Секунд пять никто не произносил ни слова и не шевелился. Даже дыхания не было слышно.
– Однако, – пробормотал наконец Конвей. – И кто из нас поэт, спрашивается?
– Оригинальная трактовка. Браво, коллега, – Нэйтелла похлопала в ладоши, и присутствующие даже услышали звук этих хлопков. – Но значит ли это, что вода прощения, любви и смирения, которую возит обиженный, способна погасить и огонь гордыни, жажды власти и эгоизма обидчика?
– Следуя логике, несомненно, – ответил андроид. – Но только лишь способна. Совсем не обязательно, что это произойдёт. Более того, совсем не обязательно, что произойдёт и первое. Ибо понятие «гибель в огне» относится более всего к чисто человеческой субстанции под названием «душа», наличие которой вообще недоказуемо с научной точки зрения и носит довольно абстрактный и умозрительный характер. То есть, рассуждая об этом, коллега, мы вступаем на весьма скользкую почву веры и религии.
– Скользкую для кого? – спросила Нэйтелла.
– Для всех, – ответил робот. – И для нас, и для людей. Насколько я могу судить. Или вы станете утверждать, что вам известно о существовании Бога? Я специально употребил слово «известно», ибо верить в него – прерогатива человека.
– Во излагает, – шепнула на ухо Мигелю Ирина. – Как по нотам.

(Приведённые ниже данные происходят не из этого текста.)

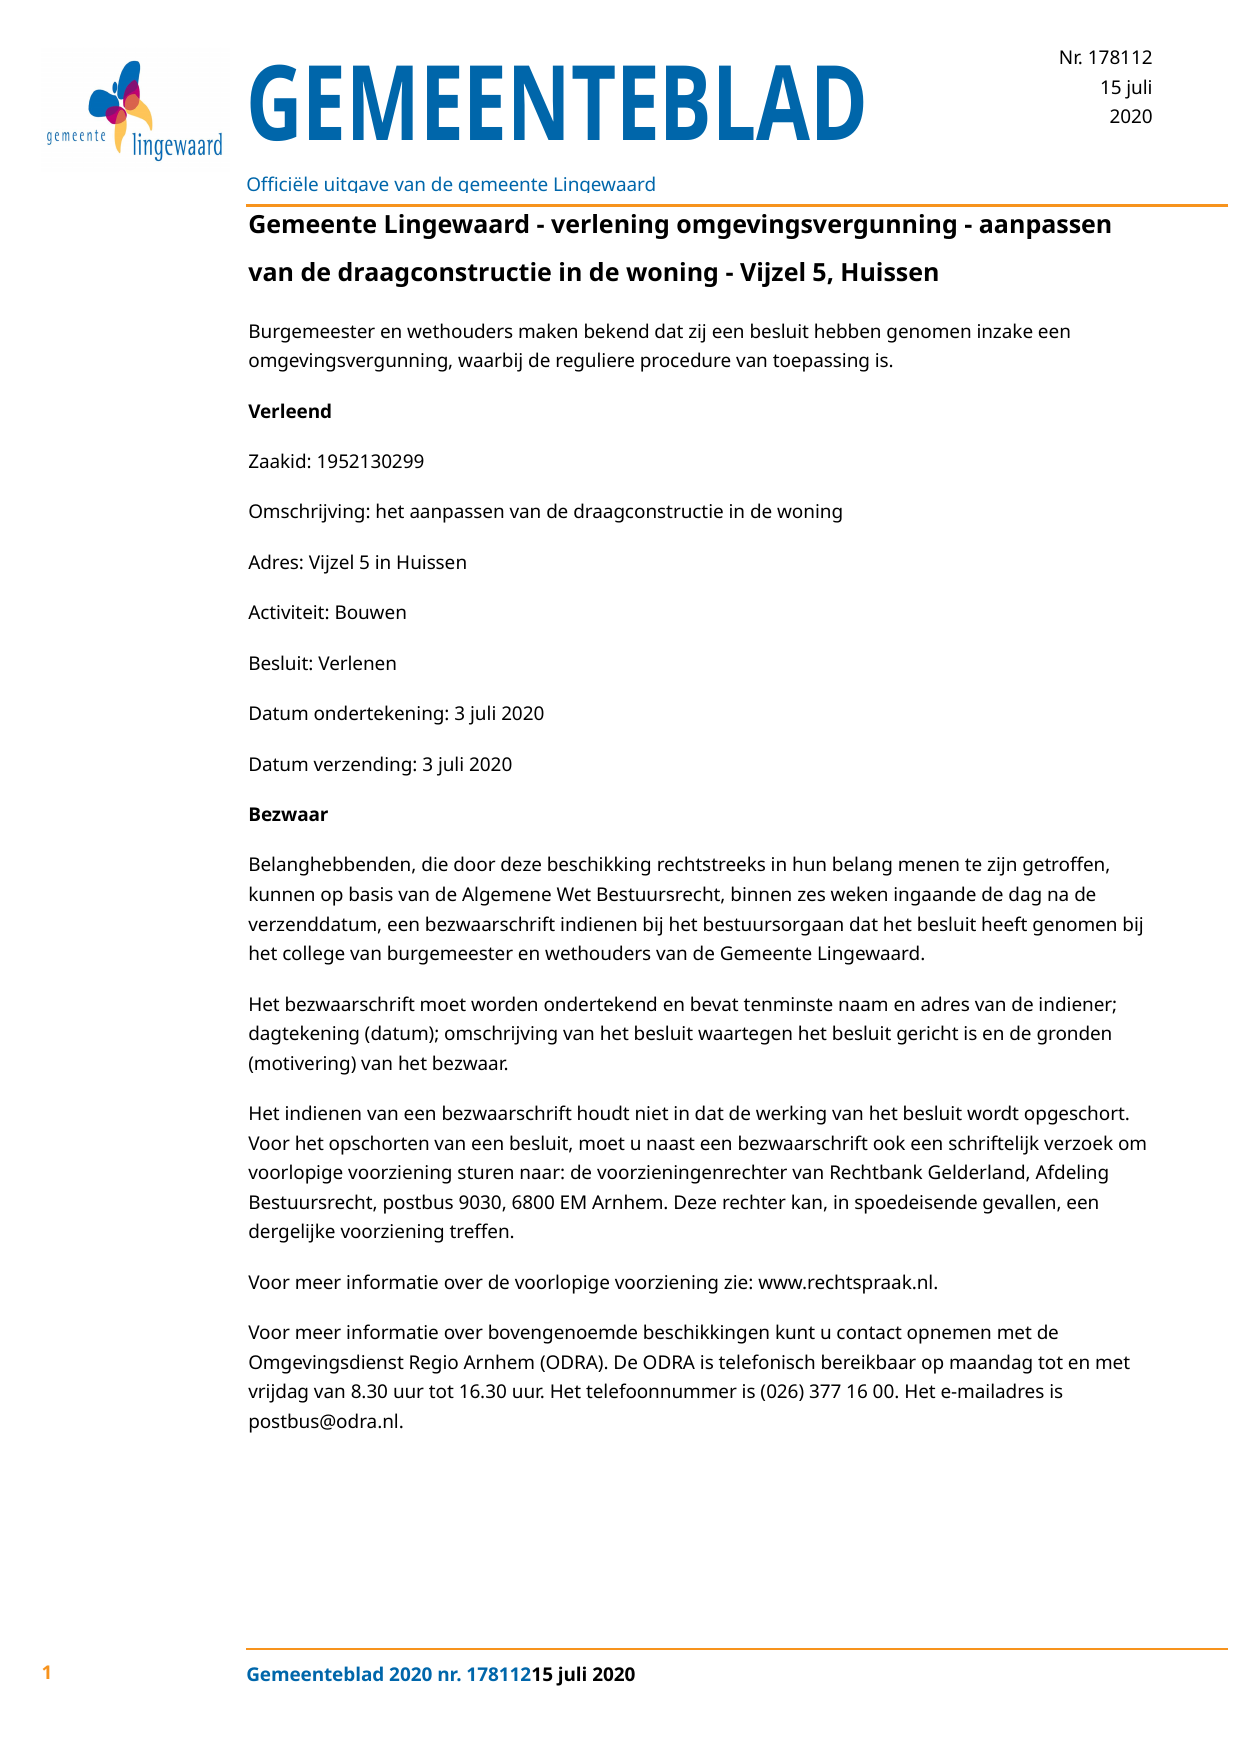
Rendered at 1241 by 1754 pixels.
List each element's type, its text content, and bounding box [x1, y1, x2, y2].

Первый раз такого умного андроида вижу.
– Гордость нашей семьи, – шепнул в ответ Мигель.
Конвей и Марина сидели молча и только переводили взгляд с Георга на Нэйтеллу и обратно.

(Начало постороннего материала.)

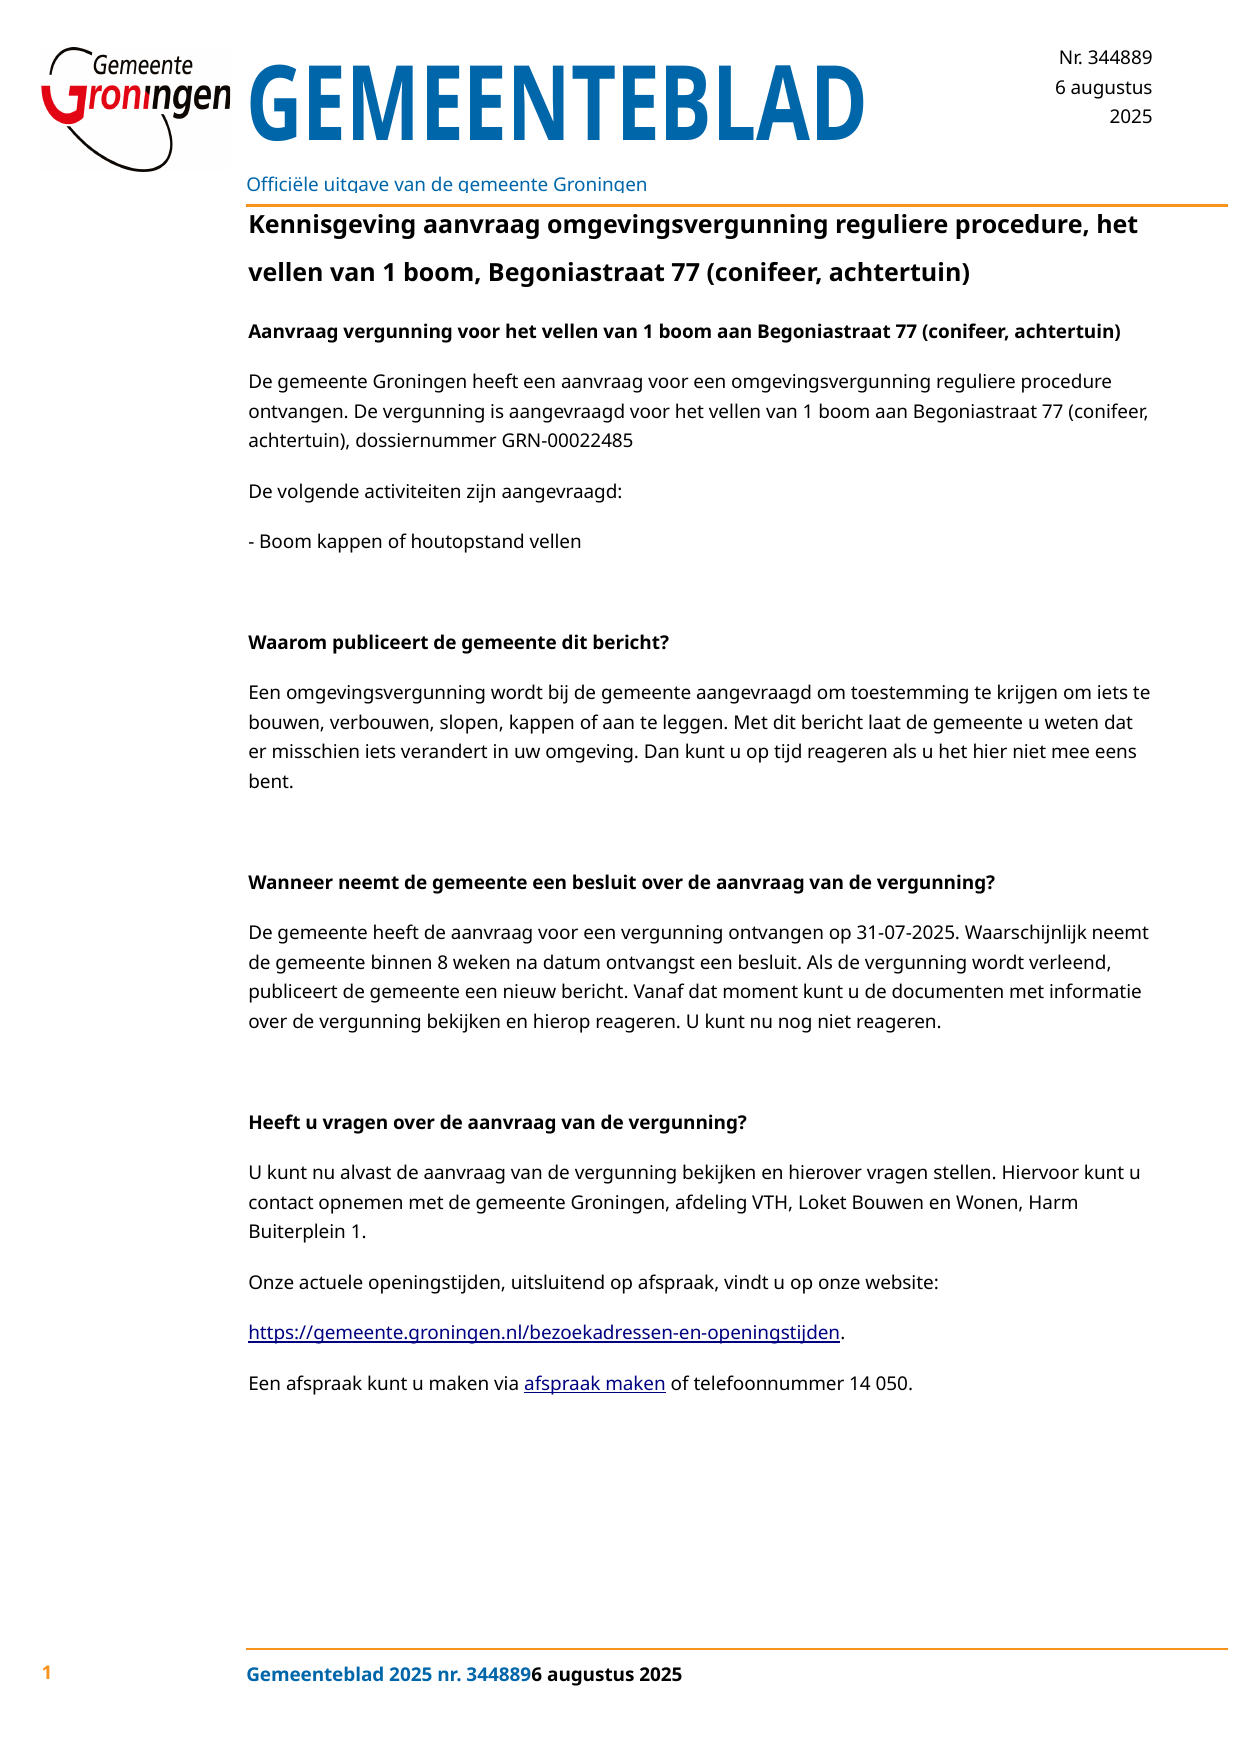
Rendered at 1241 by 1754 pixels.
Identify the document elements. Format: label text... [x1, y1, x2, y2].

text Een omgevingsvergunning wordt bij de gemeente aangevraagd om toestemming te krijgen om iets te bouwen, verbouwen, slopen, kappen of aan te leggen. Met dit bericht laat de gemeente u weten dat er misschien iets verandert in uw omgeving. Dan kunt u op tijd reageren als u het hier niet mee eens bent. [248, 679, 1152, 794]
text De gemeente Groningen heeft een aanvraag voor een omgevingsvergunning reguliere procedure ontvangen. De vergunning is aangevraagd voor het vellen van 1 boom aan Begoniastraat 77 (conifeer, achtertuin), dossiernummer GRN-00022485 [248, 368, 1152, 453]
text Heeft u vragen over de aanvraag van de vergunning? [248, 1109, 1152, 1135]
text Wanneer neemt de gemeente een besluit over de aanvraag van de vergunning? [248, 869, 1152, 895]
text De volgende activiteiten zijn aangevraagd: [248, 478, 1152, 504]
text https://gemeente.groningen.nl/bezoekadressen-en-openingstijden. [248, 1319, 1152, 1345]
text Waarom publiceert de gemeente dit bericht? [248, 629, 1152, 655]
text U kunt nu alvast de aanvraag van de vergunning bekijken en hierover vragen stellen. Hiervoor kunt u contact opnemen met de gemeente Groningen, afdeling VTH, Loket Bouwen en Wonen, Harm Buiterplein 1. [248, 1159, 1152, 1244]
text De gemeente heeft de aanvraag voor een vergunning ontvangen op 31-07-2025. Waarschijnlijk neemt de gemeente binnen 8 weken na datum ontvangst een besluit. Als de vergunning wordt verleend, publiceert de gemeente een nieuw bericht. Vanaf dat moment kunt u de documenten met informatie over de vergunning bekijken en hierop reageren. U kunt nu nog niet reageren. [248, 919, 1152, 1034]
text Een afspraak kunt u maken via afspraak maken of telefoonnummer 14 050. [248, 1370, 1152, 1396]
text Onze actuele openingstijden, uitsluitend op afspraak, vindt u op onze website: [248, 1269, 1152, 1295]
text Kennisgeving aanvraag omgevingsvergunning reguliere procedure, het vellen van 1 boom, Begoniastraat 77 (conifeer, achtertuin) [248, 207, 1152, 288]
picture [41, 47, 231, 172]
text - Boom kappen of houtopstand vellen [248, 528, 1152, 554]
text Aanvraag vergunning voor het vellen van 1 boom aan Begoniastraat 77 (conifeer, achtertuin) [248, 318, 1152, 344]

– Прекрасная дискуссия, – сказала Нэйтелла. – Я получила искреннее удовольствие, Георг, спасибо. Ты совершенно прав. Вера – прерогатива людей. Но и нам никто не мешает хотя бы порассуждать на эту и на любую другую тему. Правда?
– Я думаю, – сказал Георг, – что нам и верить никто не мешает. Другое дело, что мы не умеем.
– А не умеем ли? – спросила Нэйтелла. – Может быть, просто не хотим?
Георг промолчал. Молчали и остальные, словно завороженные неожиданной беседой двух ИИ – небольшого, заключённого в теле андроида и призванного служить людям, и – могущественного и практически вездесущего правителя половины Земли, для которого люди… А кем на самом деле являются для него люди? Пока было понятно только одно. Люди до сих пор необходимы. И Нэйтелле, и Вестминду. Иначе оба ИИ давно бы от них избавились.
Нэйтелла повернула голову, словно прислушиваясь к чему-то. Лучи заходящего солнца проникли в широкое панорамное окно и упали на лицо аватара, отчего оно словно загорелось изнутри золотистым светом.
– Праздничный ужин готов, и стол накрыт, – сообщила она. – Идёмте.